1.1.76.             L'audience de plaidoiries, appointée pour le 22 décembre 2009, a été annulée à la demande de M. X______ le 21 décembre 2009, qui a renoncé à plaider.

                   Ce dernier a en revanche demandé de pouvoir consulter les factures précitées.

1.1.77.             Le 22 décembre 2009, les parties ont été informées que la cause était gardée à juger.

EN DROIT

1.1.1.          Interjeté en temps utile devant la juridiction compétente, le recours est recevable (art. 56A ss de la loi sur l’organisation judiciaire du 22 novembre 1941 LOJ E 2 05 ; art. 63 al. 1 let. a de la loi sur la procédure administrative du 12 septembre 1985 LPA E 5 10).

1.1.2.          M. X______ demande l'accès aux factures liées à l'exécution du plan PI (contrat avec EOS).

                   Selon l'art. 45 LPA, l’autorité peut interdire la consultation du dossier si l’intérêt public ou des intérêts privés prépondérants l’exigent (al. 1er). Le refus d’autoriser la consultation des pièces ne peut s’étendre qu’à celles qu’il y a lieu de garder secrètes et ne peut concerner les propres mémoires des parties, les documents qu’elles ont produits comme moyens de preuves, les décisions qui leur ont été notifiées et les procès-verbaux relatifs aux déclarations qu’elles ont faites (al. 2). Une pièce dont la consultation est refusée à une partie ne peut être utilisée à son désavantage que si l’autorité lui en a communiqué par écrit le contenu essentiel se rapportant à l’affaire et lui a donné en outre l’occasion de s’exprimer et de proposer les contre-preuves (al. 3). 
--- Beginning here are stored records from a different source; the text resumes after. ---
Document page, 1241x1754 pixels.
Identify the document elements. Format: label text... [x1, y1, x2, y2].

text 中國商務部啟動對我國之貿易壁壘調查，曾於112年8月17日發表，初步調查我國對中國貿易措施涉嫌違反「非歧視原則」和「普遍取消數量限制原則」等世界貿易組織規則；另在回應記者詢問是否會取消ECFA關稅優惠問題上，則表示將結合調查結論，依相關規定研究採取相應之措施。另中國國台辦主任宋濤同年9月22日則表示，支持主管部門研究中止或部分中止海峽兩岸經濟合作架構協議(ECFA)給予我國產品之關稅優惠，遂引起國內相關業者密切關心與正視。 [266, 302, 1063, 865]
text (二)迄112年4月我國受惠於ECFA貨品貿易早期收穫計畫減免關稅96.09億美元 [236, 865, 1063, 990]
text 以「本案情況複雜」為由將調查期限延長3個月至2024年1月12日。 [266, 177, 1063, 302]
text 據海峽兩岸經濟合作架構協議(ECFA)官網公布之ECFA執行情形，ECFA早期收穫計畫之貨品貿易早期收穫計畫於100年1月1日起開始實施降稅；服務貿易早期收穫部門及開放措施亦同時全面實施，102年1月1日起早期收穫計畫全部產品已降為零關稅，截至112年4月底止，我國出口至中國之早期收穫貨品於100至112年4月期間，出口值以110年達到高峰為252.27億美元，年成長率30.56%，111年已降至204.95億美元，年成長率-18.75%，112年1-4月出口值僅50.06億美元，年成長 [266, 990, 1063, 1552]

                   En l'espèce, les pièces dont la consultation est demandée se trouvent être sans aucun rapport avec la révocation prononcée, qui ne dépend pas du bien-fondé des accusations portées par M. X______ contre les SIG, mais de violations qu'il aurait commises à son secret de fonction et à ses obligations d'administrateur.
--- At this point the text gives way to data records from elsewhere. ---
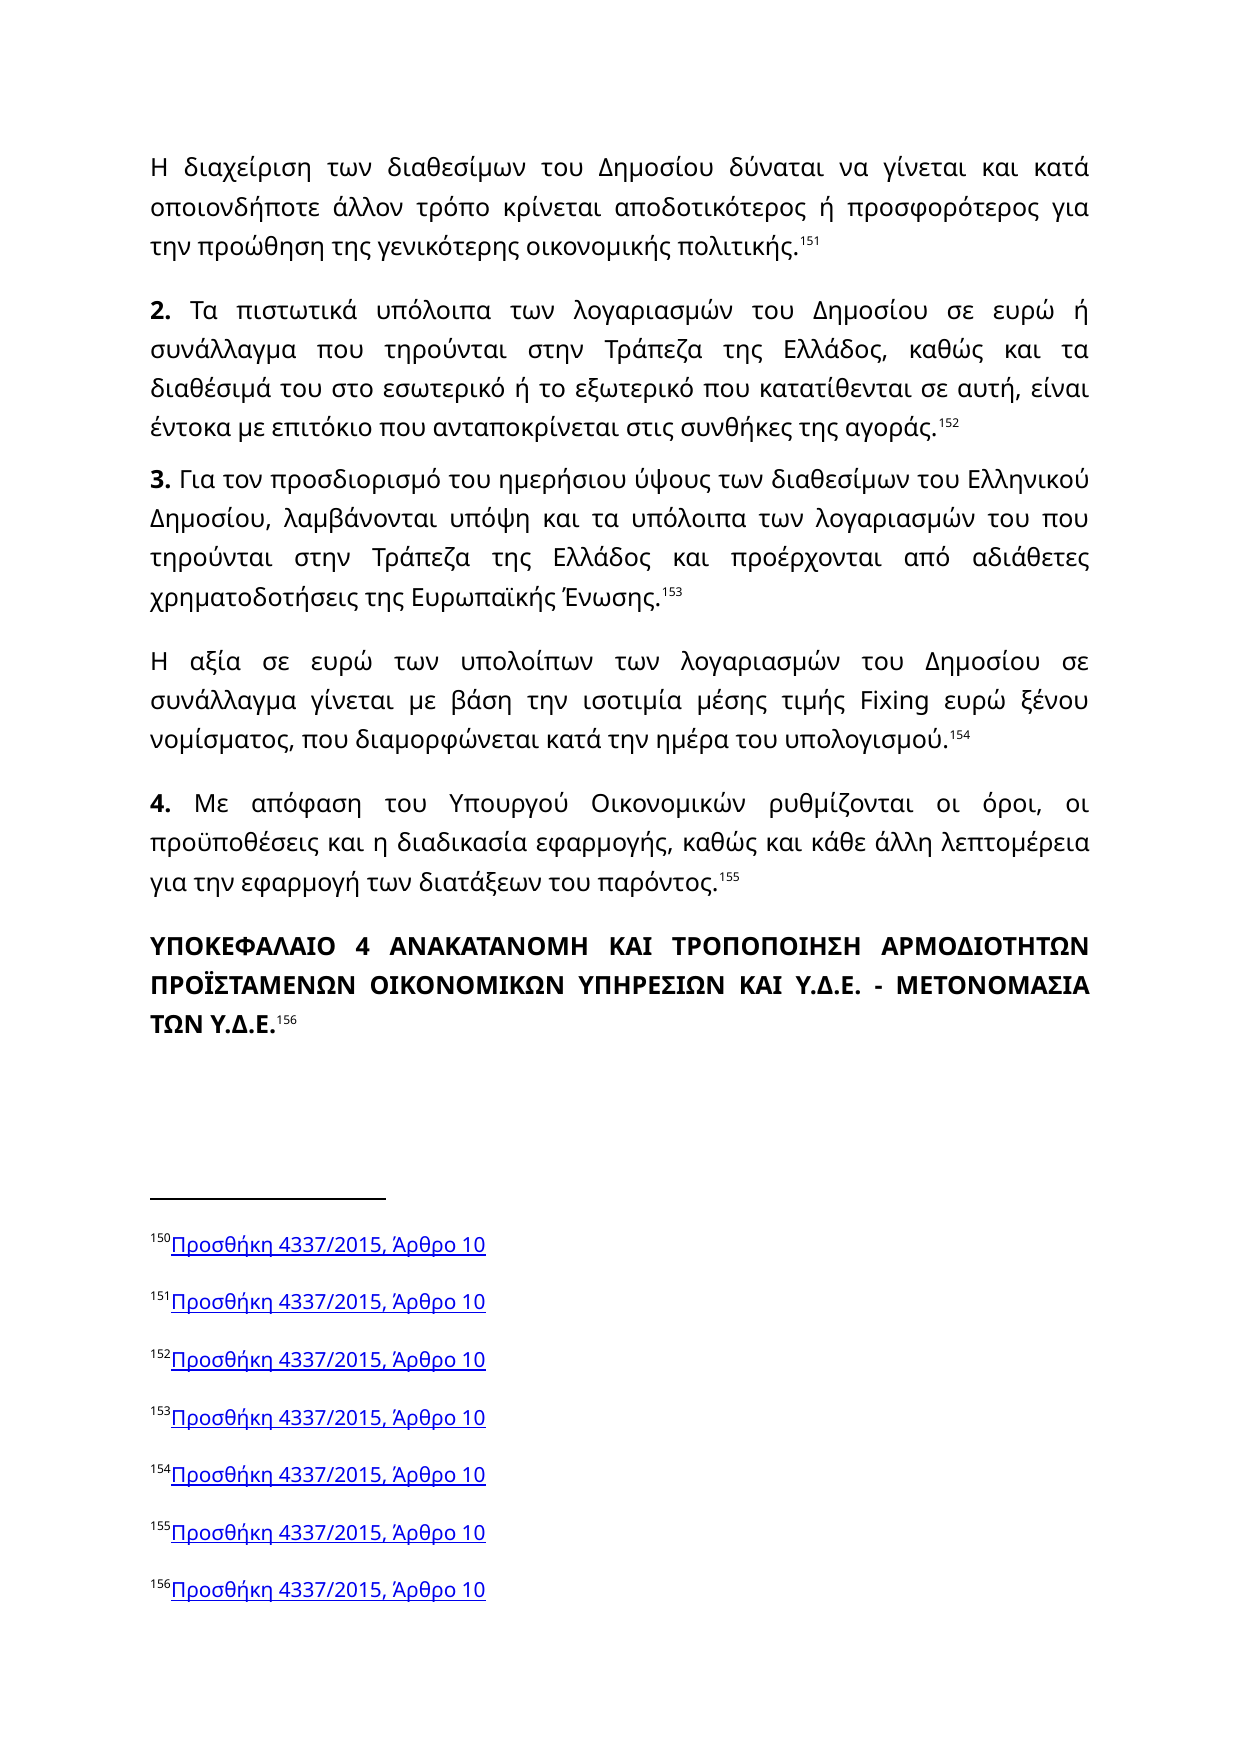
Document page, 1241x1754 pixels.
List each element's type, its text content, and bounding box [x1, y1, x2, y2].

text 3. Για τον προσδιορισμό του ημερήσιου ύψους των διαθεσίμων του Ελληνικού Δημοσίου, λαμβάνονται υπόψη και τα υπόλοιπα των λογαριασμών του που τηρούνται στην Τράπεζα της Ελλάδος και προέρχονται από αδιάθετες χρηματοδοτήσεις της Ευρωπαϊκής Ένωσης. [150, 462, 1090, 613]
text 2. Τα πιστωτικά υπόλοιπα των λογαριασμών του Δημοσίου σε ευρώ ή συνάλλαγμα που τηρούνται στην Τράπεζα της Ελλάδος, καθώς και τα διαθέσιμά του στο εσωτερικό ή το εξωτερικό που κατατίθενται σε αυτή, είναι έντοκα με επιτόκιο που ανταποκρίνεται στις συνθήκες της αγοράς. [150, 292, 1090, 444]
text Η διαχείριση των διαθεσίμων του Δημοσίου δύναται να γίνεται και κατά οποιονδήποτε άλλον τρόπο κρίνεται αποδοτικότερος ή προσφορότερος για την προώθηση της γενικότερης οικονομικής πολιτικής. [150, 150, 1090, 262]
text Προσθήκη 4337/2015, Άρθρο 10 [150, 1403, 1090, 1431]
text Προσθήκη 4337/2015, Άρθρο 10 [150, 1460, 1090, 1489]
text Προσθήκη 4337/2015, Άρθρο 10 [150, 1576, 1090, 1604]
text 4. Με απόφαση του Υπουργού Οικονομικών ρυθμίζονται οι όροι, οι προϋποθέσεις και η διαδικασία εφαρμογής, καθώς και κάθε άλλη λεπτομέρεια για την εφαρμογή των διατάξεων του παρόντος. [150, 786, 1090, 898]
text Προσθήκη 4337/2015, Άρθρο 10 [150, 1230, 1090, 1258]
text Προσθήκη 4337/2015, Άρθρο 10 [150, 1345, 1090, 1373]
text ΥΠΟΚΕΦΑΛΑΙΟ 4 ΑΝΑΚΑΤΑΝΟΜΗ ΚΑΙ ΤΡΟΠΟΠΟΙΗΣΗ ΑΡΜΟΔΙΟΤΗΤΩΝ ΠΡΟΪΣΤΑΜΕΝΩΝ ΟΙΚΟΝΟΜΙΚΩΝ ΥΠΗΡΕΣΙΩΝ ΚΑΙ Υ.Δ.Ε. - ΜΕΤΟΝΟΜΑΣΙΑ ΤΩΝ Υ.Δ.Ε. [150, 928, 1090, 1041]
text Προσθήκη 4337/2015, Άρθρο 10 [150, 1287, 1090, 1316]
text Η αξία σε ευρώ των υπολοίπων των λογαριασμών του Δημοσίου σε συνάλλαγμα γίνεται με βάση την ισοτιμία μέσης τιμής Fixing ευρώ ξένου νομίσματος, που διαμορφώνεται κατά την ημέρα του υπολογισμού. [150, 643, 1090, 756]
text Προσθήκη 4337/2015, Άρθρο 10 [150, 1518, 1090, 1546]

                   Ces pièces, qui sont au surplus couvertes par le secret des affaires, seront donc purement et simplement écartées de la procédure.

1.1.3.          Selon l'art. 158 de la Constitution de la République et canton de Genève du 24 mai 1847 (Cst-GE - A 2 00), l’approvisionnement et la distribution d’eau et d’électricité sont un monopole public exercé par les SIG (al. 1 et 2), qui sont un établissement de droit public autonome, doté de la personnalité juridique. Les SIG ont également pour but de fournir dans le canton de Genève le gaz et l’énergie thermique, et de traiter les déchets. Leur siège est à Genève (al. 4). Leur organisation est réglée dans la LSIG (art. 159 Cst-GE).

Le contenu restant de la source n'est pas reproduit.